Prosecutor: Why didn’t you report as income the $255,000 in renovations to your Bronx apartment?
Kerik: 9/11

Prosecutor: Why didn’t you report the $20,000 consulting fees in 2002?
Kerik: 9/11

Prosecutor: What is the capitol of Indiana?
Kerik: 9/11

Pat Robertson endorsed Rudy Giuliani for president. Robertson said it’s the hardest thing he’s had to do since voting for Sanjaya on “American Idol.”

An audit of the Ronald Reagan Presidential Library has turned up 80,000 missing items. Among them:
• Reagan’s first 50-gallon drum of “Just for Men” chestnut dye #278.
• All of the pinup girls from the president’s collection of Red Menace Magazine.
• A videotape of presidential image guru Michael Deaver yelling at Reagan in Berlin, “Turn around. The wall is over there!”
• A letter to director Frederick De Cordova saying it was rude and unprofessional for Bonzo to skip the wrap party.
• A 12-point outline drafted by his staff, explaining to his children why “I am not a distant and cold father.”

Bay State Bombast
A Boston judge sentenced four Red Sox fans, arrested for rowdiness during the World Series celebration, to write essays about what they learned from being arrested. Among the most important points:
• Never scream out your lover's name during a strip search.
• Rule of thumb for women: More mug shot cleavage, less jail time.
• Rule of thumb for men: More mug shot cleavage, more jail time.
• Never ask a toothless tattooed cellmate if you can add his name to your MySpace list.
• It's OK to yell “Fire” in a crowded place, but only if you have enough fire extinguishers for everybody.

Small Street Journal
Merck & Co. has agreed to pay $4.85 billion to settle claims that its painkiller Vioxx caused heart attacks and strokes in thousands of users. Company officials warned that upon learning of the settlement, stockholders may suffer from dizziness, diarrhea, cramps, and loss of pulse.

Media Bites
The Archdiocese of Boston has placed a priest on leave after he was arrested on charges of stalking talk-show host Conan O'Brien. After a sufficient amount of counseling, he will be transferred to another talk show.

Inside Scoop
In preparation for his latest meeting with German Chancellor Angela Merkel, President Bush took a three-week correspondence course in Aromatherapy massage.

Weekly prediction
Mitt Romney will face the religion issue head-on by adopting a new nickname: Stormin' Mormon.

ben.alper@onlineoffbeat.com

November 07, 2007

Political Shorts – 12

Ben.GIF
Politics / Humor -Top Stories
Hillary Clinton said the other candidates are not piling onto her because she’s a woman, but because she's winning.
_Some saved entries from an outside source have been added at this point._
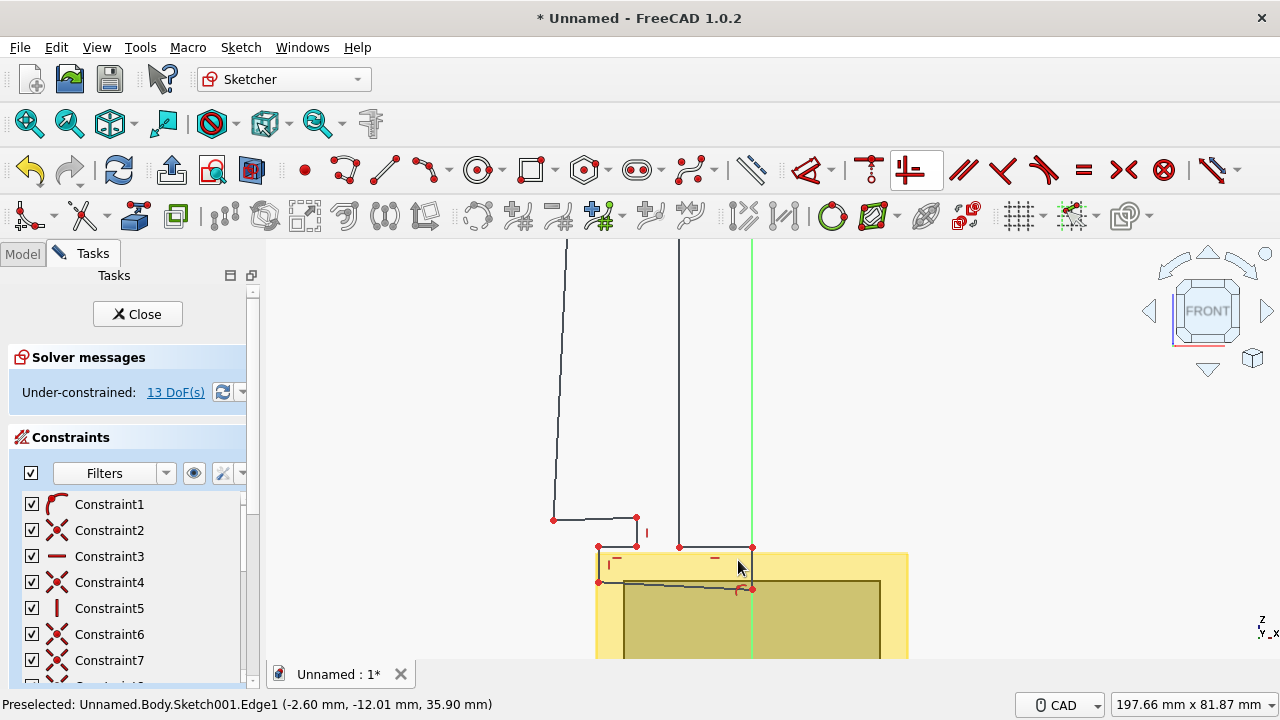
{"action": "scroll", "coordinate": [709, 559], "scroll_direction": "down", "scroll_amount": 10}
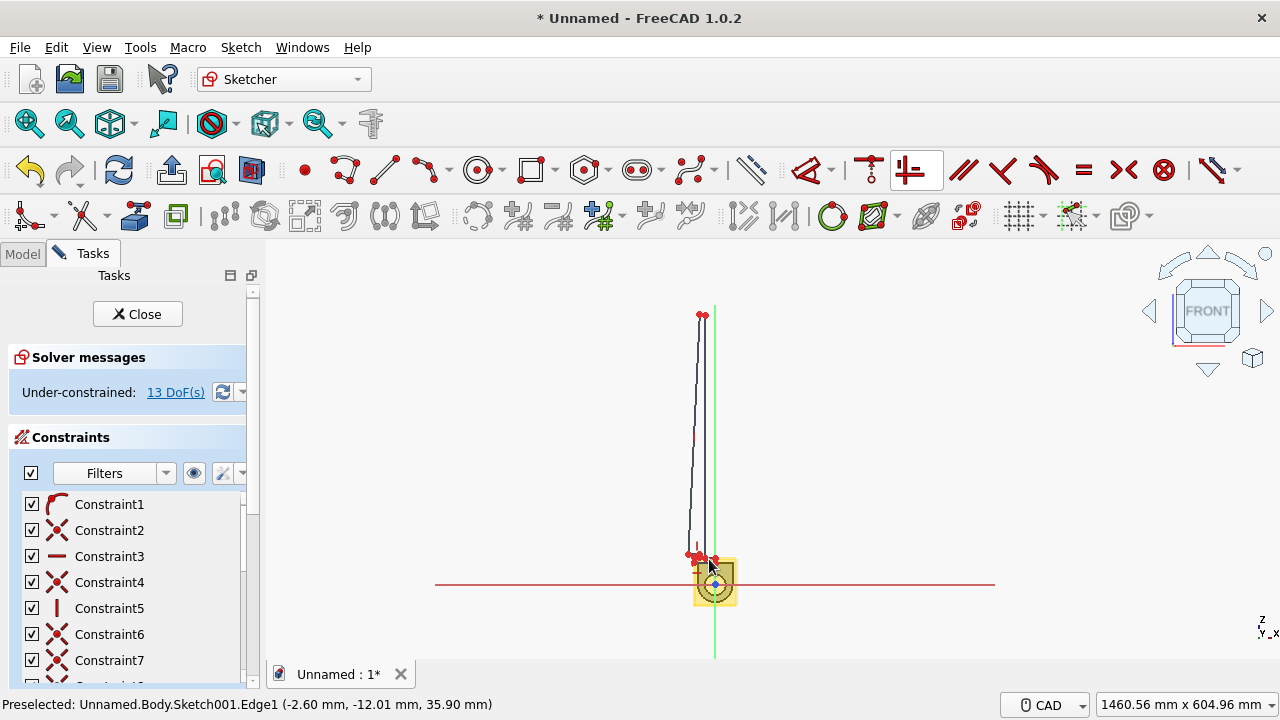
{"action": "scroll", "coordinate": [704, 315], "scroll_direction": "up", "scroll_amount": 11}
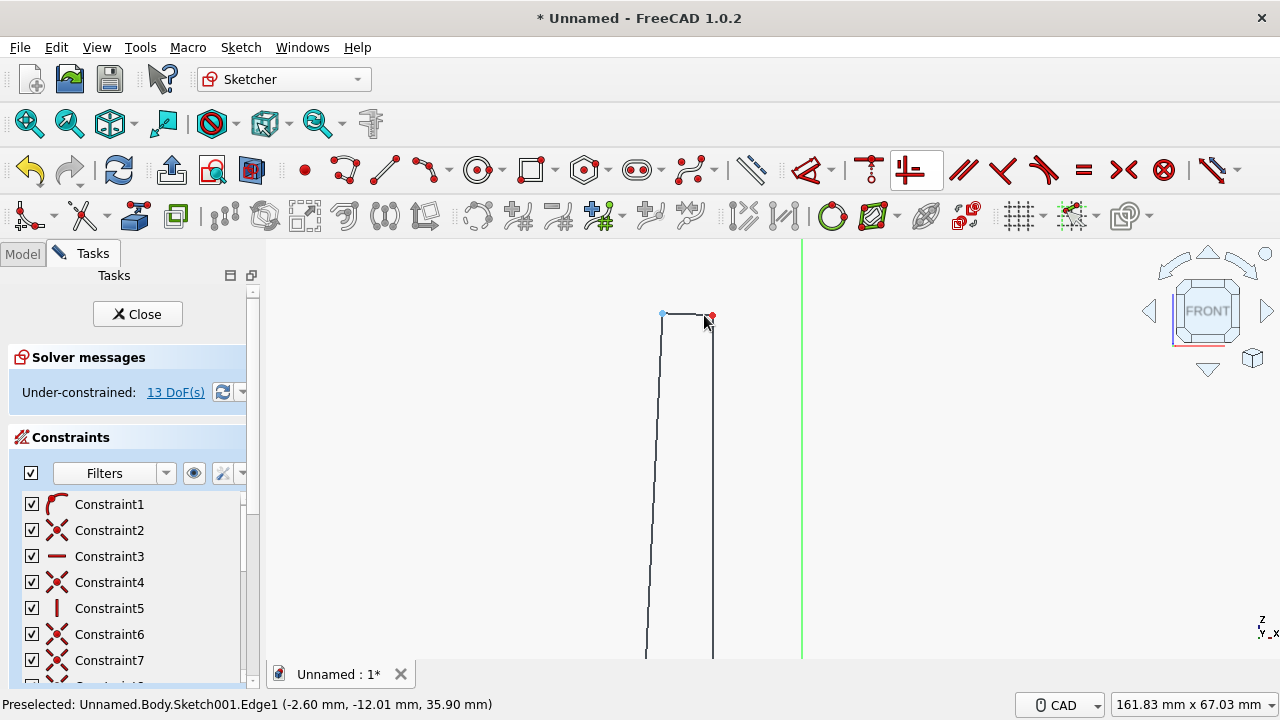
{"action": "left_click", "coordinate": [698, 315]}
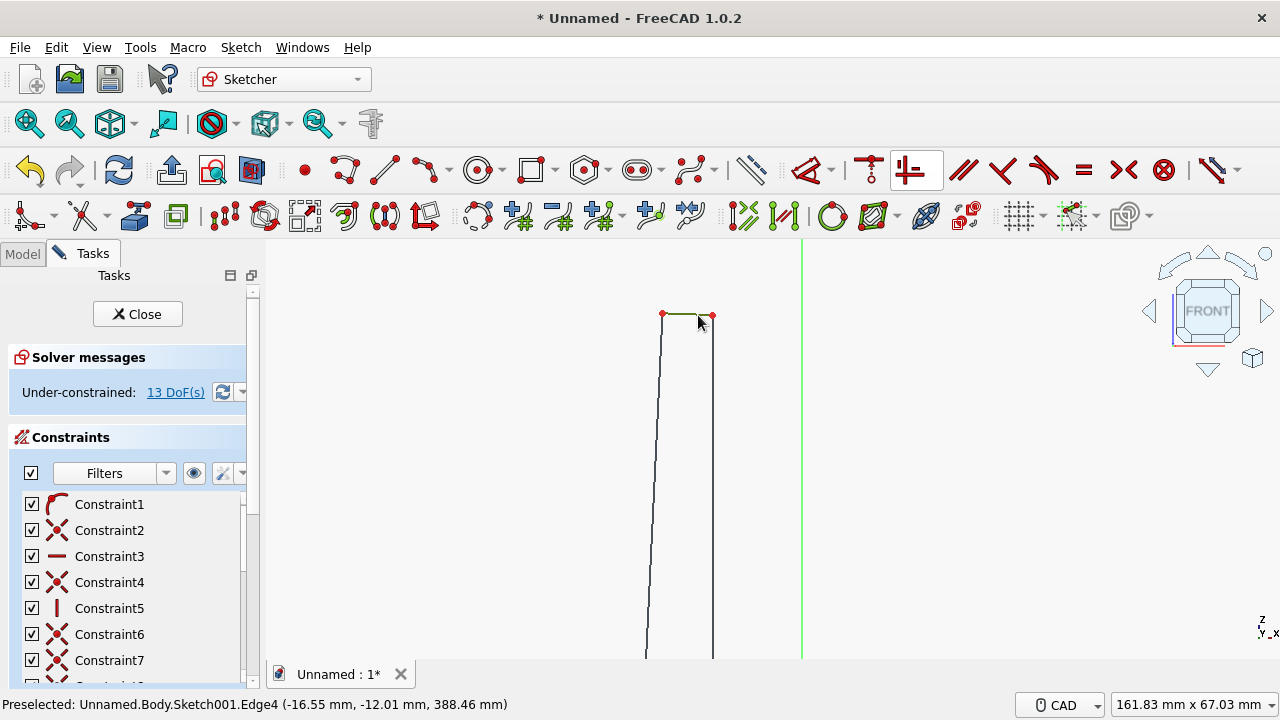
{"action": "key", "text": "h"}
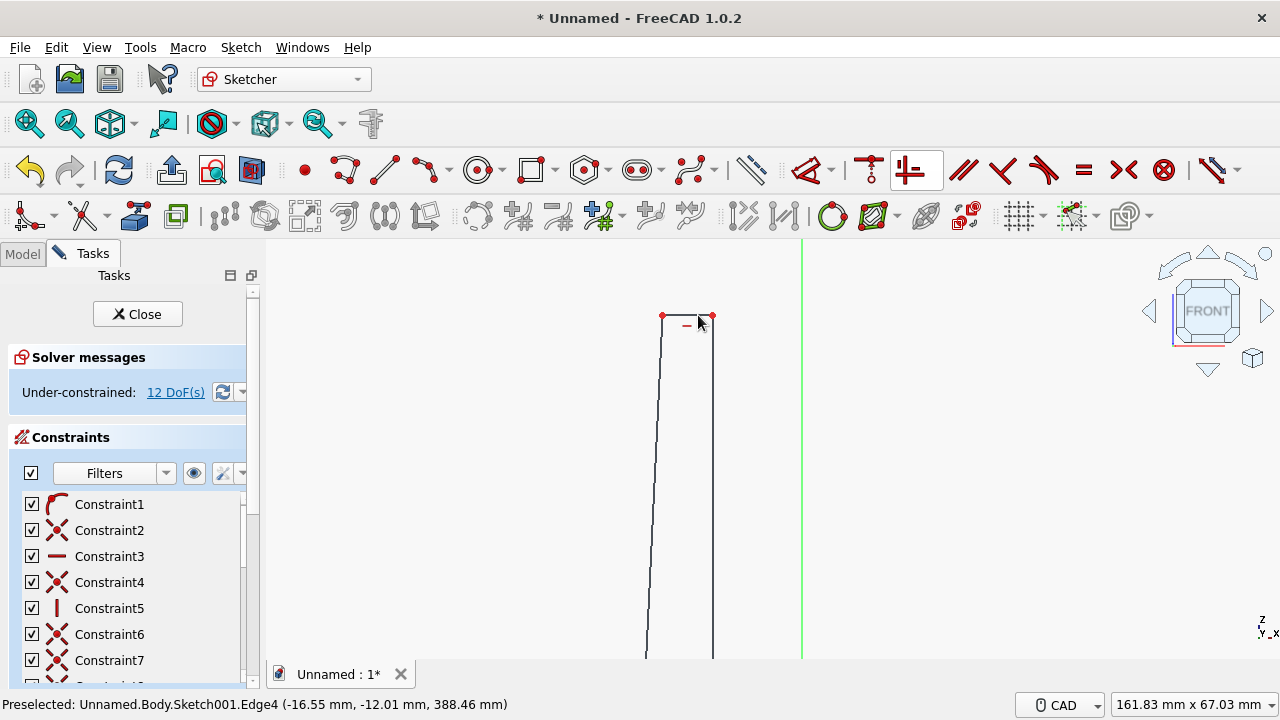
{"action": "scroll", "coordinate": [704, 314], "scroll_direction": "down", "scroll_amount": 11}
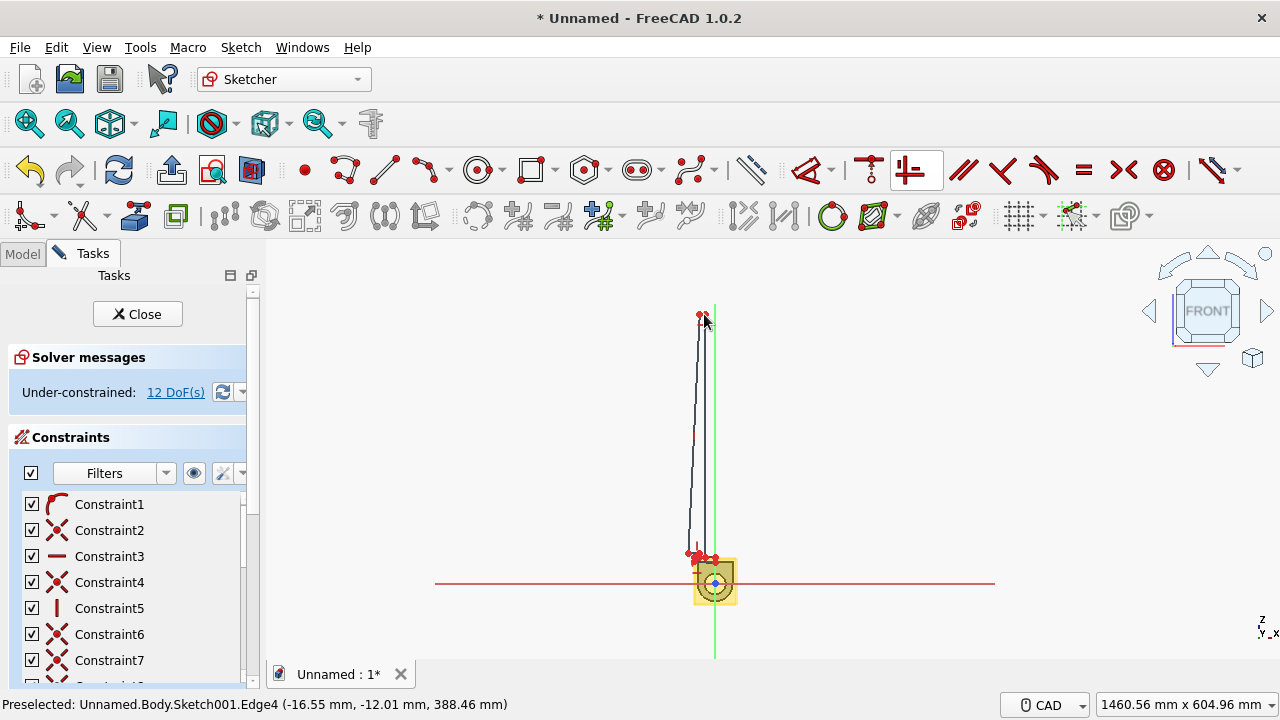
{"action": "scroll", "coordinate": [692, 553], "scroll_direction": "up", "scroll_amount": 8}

Bill Clinton said it doesn't matter. He just loves the image.

Fred Thompson said he was unaware of his campaign co-chairman’s drug dealing past. Although in retrospect, Philip Martin's nickname, “Mr. Medellín,” should have tipped him off.

Former Vice President Walter Mondale has endorsed Sen. Hillary Clinton for president. In addition to his support, Mondale told Clinton, “Feel free to use my ‘Where’s the beef?’ line. It never fails to kill.”

The New York Times reports the Bush administration is considering plans to close Guantanamo prison. Here are five possible uses for it:
• Guantanamo Bed, Breakfast, & Waterboarding Inn.
• Disney World - Guantanamo -- It’s a small cell after all.
• George W. Bush Presidential Library and Enhanced Interrogation Center.
• Club Med - Guantanamo -- You’ll come for the sun. You'll stay because we say so.
• Motel 6 - Guantanamo -- We’ll leave the light on -- until you talk.

Mess-achusetts Musings
Boston Mayor Tom Menino injured his knee lifting the World Series trophy, thus cementing the city’s reputation as America’s most out-of-shape sports town.

Small Street Journal
Singapore Airlines, the first operator of the new Airbus A380, is asking passengers to refrain from sex while in its first-class suites, which have double beds. However, to appease frisky customers, Barry White music will be piped into each restroom.

Media Bites
Shock jock Don Imus will return to the airwaves Dec. 3, on New York's WABC-AM. Imus says he will never again use offensive language -- until the writers strike is settled.

Inside Scoop
Mike Gravel’s wife has irrefutable proof that his first cousin is King Tut.

Weekly prediction
The Republican presidential campaign will have a new leader after the National Enquirer publishes a photo of a meatball resembling Ronald Reagan shaking hands with Tom Tancredo.